Participant characteristics
| Variable | All non-diabetic individuals, n or mean (SD) | Diabetic individuals, n or mean (SD) | Non-diabetic individuals with body scans, n or mean (SD) |
|---|---|---|---|
| Sex (n = M/F) | 1391/2494 | 609/429 | 516/1690 |
| Age (years) | 52.6 (9.5) | 53.8 (7.3) | 52.2 (10.3) |
| Height (m) | 1.68 (0.09) | 1.71 (0.10) | 1.67 (0.09) |
| Weight (kg) | 73.2 (13.5) | 88.4 (14.7) | 71.8 (13.5) |
| Body mass index (kg/m2) | 25.7 (4.0) | 30.4 (4.7) | 25.6 (4.1) |
| Total adipose mass (kg) | – | – | 25.1 (9.2) |
| Abdominal adipose mass (kg) | – | – | 1.52 (0.54) |
| Gynoid adipose mass (kg) | – | – | 2.53 (0.83) |
| Total lean mass (kg) | – | – | 44.2 (9.9) |
Genotype associations with measures of body composition and adipose distribution (continuous trait models)
Table 2 summarizes the adjusted mean level of BMI for each SNP. Six of the nine variants were statistically associated with BMI, with one additional SNP approaching statistical significance. The SNP most strongly associated with BMI localized to the FTO gene (rs1121980) (P < 0.0001). The MC4R rs17782313 SNP statistically interacted with sex (P = 0.02), whereby the minor allele was associated with higher BMI in women (β = 0.41 kg/m2 per copy of the minor allele; P = 0.0034), but no effect was observed in men (β = − 0.03 kg/m2 per copy of the minor allele; P = 0.83). Similar interaction effects were observed for total (P = 0.024) and abdominal (P = 0.046) adipose mass.
Table 2.
Adjusted mean body mass index (BMI) for nine purported obesity-risk variants in non-diabetic individuals (n = 3885)

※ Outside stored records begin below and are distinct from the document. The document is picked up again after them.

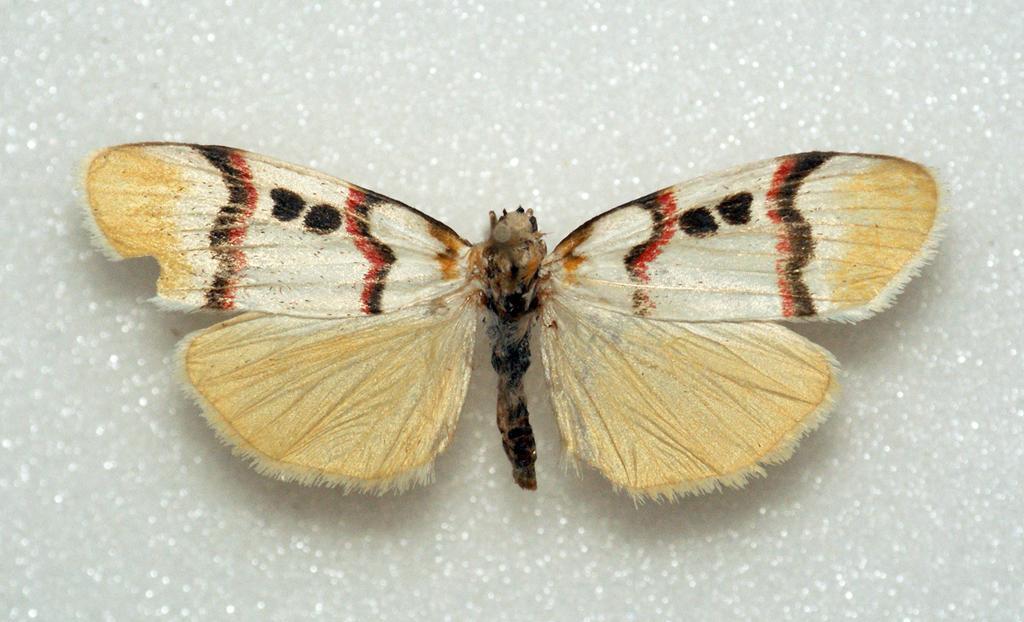Could you give a brief overview of what you see in this image? In this picture there is a butterfly. At the bottom it looks like a marble and the butterfly is in cream, red and in black color 
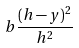Convert formula to latex. <formula><loc_0><loc_0><loc_500><loc_500>b { \frac { ( h - y ) ^ { 2 } } { h ^ { 2 } } }</formula> 
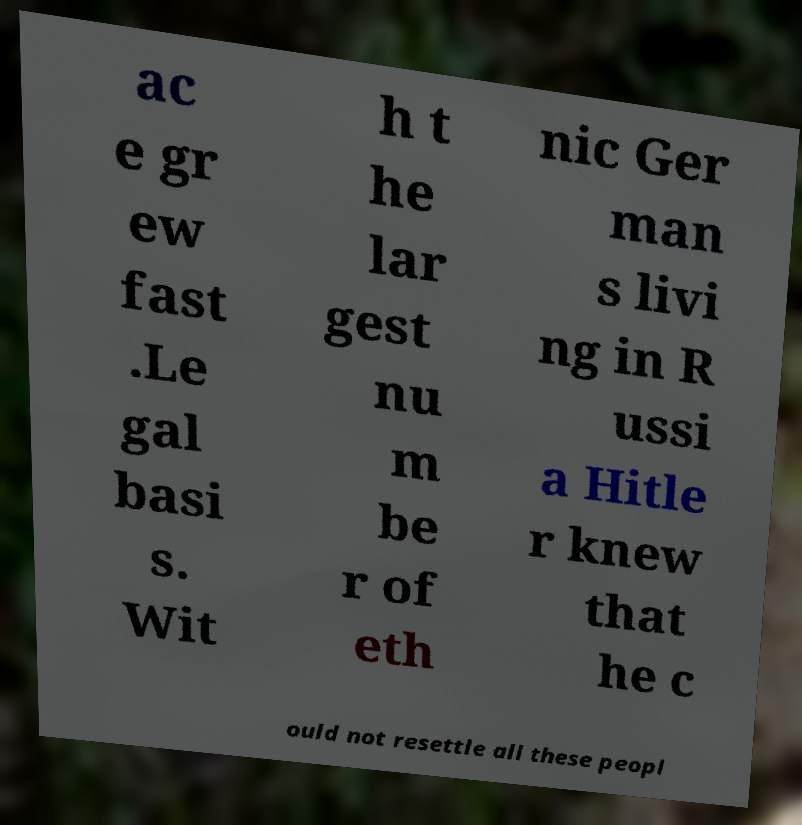Can you accurately transcribe the text from the provided image for me? ac e gr ew fast .Le gal basi s. Wit h t he lar gest nu m be r of eth nic Ger man s livi ng in R ussi a Hitle r knew that he c ould not resettle all these peopl 
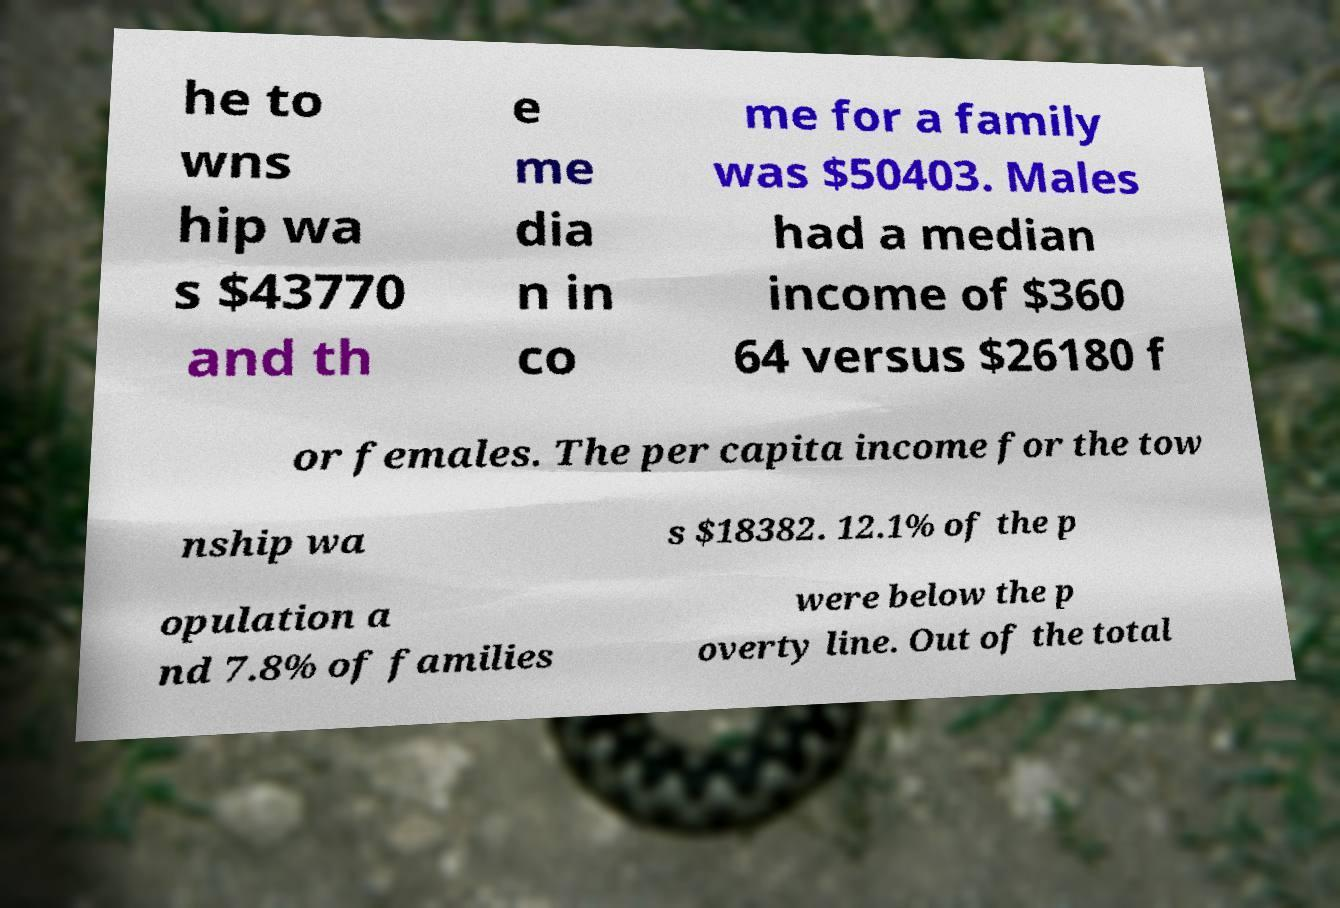Can you accurately transcribe the text from the provided image for me? he to wns hip wa s $43770 and th e me dia n in co me for a family was $50403. Males had a median income of $360 64 versus $26180 f or females. The per capita income for the tow nship wa s $18382. 12.1% of the p opulation a nd 7.8% of families were below the p overty line. Out of the total

| Nearest gene | SNP | Risk allele (frequency) | Adjusted means (95% CI) by genotype |
P-value | ||
|---|---|---|---|---|---|---|
| MM | Mm | mm | ||||
| FTO | rs1121980 | A (0.42) | 25.3 (25.1–25.6) | 25.8 (25.6–26.0) | 26.1 (25.8–26.4) | <0.0001 |
| SH2B1 | rs7498665 | C (0.40) | 26.0 (25.7–26.3) | 25.8 (25.6–26.0) | 25.4 (25.2–25.6) | 0.0006 |
| MTCH2 | rs4752856 | T (0.37) | 25.5 (25.3–25.7) | 25.8 (25.6–26.0) | 25.9 (25.5–26.2) | 0.025 |
| MC4R | rs17782313 | C (0.26) | 25.6 (25.4–25.7) | 25.8 (25.6–26.0) | 26.2 (25.7–26.6) | 0.013 |
| NEGR1 | rs2815752 | A (0.58) | 25.5 (25.2–25.8) | 25.6 (25.4–25.8) | 25.9 (25.7–26.1) | 0.023 |
| GNPDA2 | rs10938397 | G (0.37) | 25.6 (25.4–25.8) | 25.7 (25.5–25.9) | 26.0 (25.7–26.4) | 0.068 |
| TMEM18 | rs6548238 | A (0.82) | 25.8 (25.6–25.9) | 25.6 (25.3–25.8) | 25.2 (24.5–25.8) | 0.049 |
| KCTD15 | rs11084753 | G (0.63) | 25.7 (25.5–25.9) | 25.7 (25.5–25.9) | 25.6 (25.2–25.9) | 0.472 |
| PCSK1 | rs6235 | C (0.30) | 25.7 (25.5–25.9) | 25.7 (25.5–25.9) | 25.8 (25.4–26.3) | 0.588 |
M = major allele; m = minor allele; SNP = single nucleotide polymorphism. Means are adjusted for age and sex. P-values are from linear models assuming an additive mode of genetic inheritance.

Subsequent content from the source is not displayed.